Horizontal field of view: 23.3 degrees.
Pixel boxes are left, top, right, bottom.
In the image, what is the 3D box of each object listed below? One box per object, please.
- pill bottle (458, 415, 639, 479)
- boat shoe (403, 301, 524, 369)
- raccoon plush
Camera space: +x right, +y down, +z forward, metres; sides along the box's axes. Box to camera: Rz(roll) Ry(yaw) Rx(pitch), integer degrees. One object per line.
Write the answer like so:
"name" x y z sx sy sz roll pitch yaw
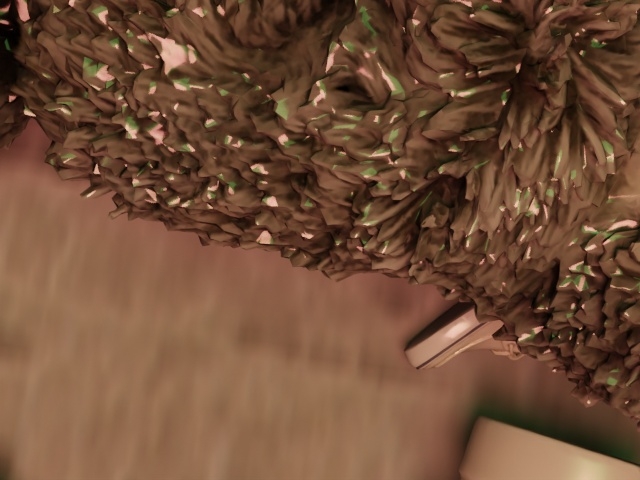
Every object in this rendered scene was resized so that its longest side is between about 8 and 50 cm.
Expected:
* * *
- _Aim of the exercise_
Your copy must hold exactly the lines from the one with "- pill bottle (458, 415, 639, 479)" to the end of the records above, both included, and no pictures.

- _Solved exercise_
- pill bottle (458, 415, 639, 479)
- boat shoe (403, 301, 524, 369)
- raccoon plush
Camera space: +x right, +y down, +z forward, metres; sides along the box's axes. Box to camera: Rz(roll) Ry(yaw) Rx(pitch), integer degrees. One object per line.
Write the answer like so:
"name" x y z sx sy sz roll pitch yaw
Every object in this rendered scene was resized so that its longest side is between about 8 and 50 cm.
Expected:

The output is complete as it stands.